Information given: Begin
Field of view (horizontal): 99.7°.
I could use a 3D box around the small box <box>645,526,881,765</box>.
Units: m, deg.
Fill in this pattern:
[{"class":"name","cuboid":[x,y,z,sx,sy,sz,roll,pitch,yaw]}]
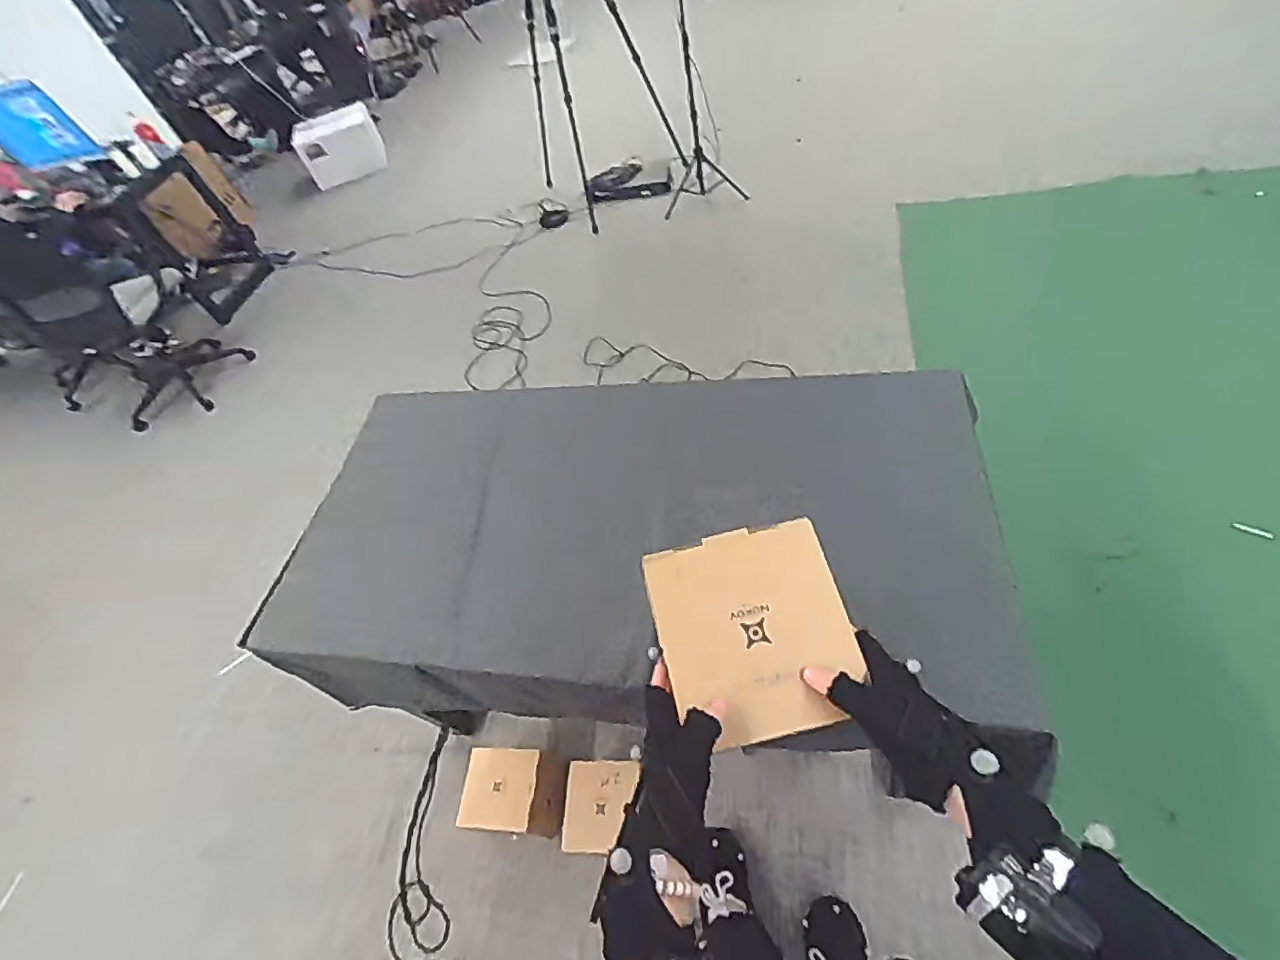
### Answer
[{"class":"small box","cuboid":[0.103,0.168,0.540,0.168,0.176,0.179,-13,66,-1]}]
Information given: End
#### What is required
Only the lines from the one containing "Fill in this" through the last line of the data above, both included, belong in the reply, each restated exactly and without pictures.

#### Output of the task
Fill in this pattern:
[{"class":"name","cuboid":[x,y,z,sx,sy,sz,roll,pitch,yaw]}]
### Answer
[{"class":"small box","cuboid":[0.103,0.168,0.540,0.168,0.176,0.179,-13,66,-1]}]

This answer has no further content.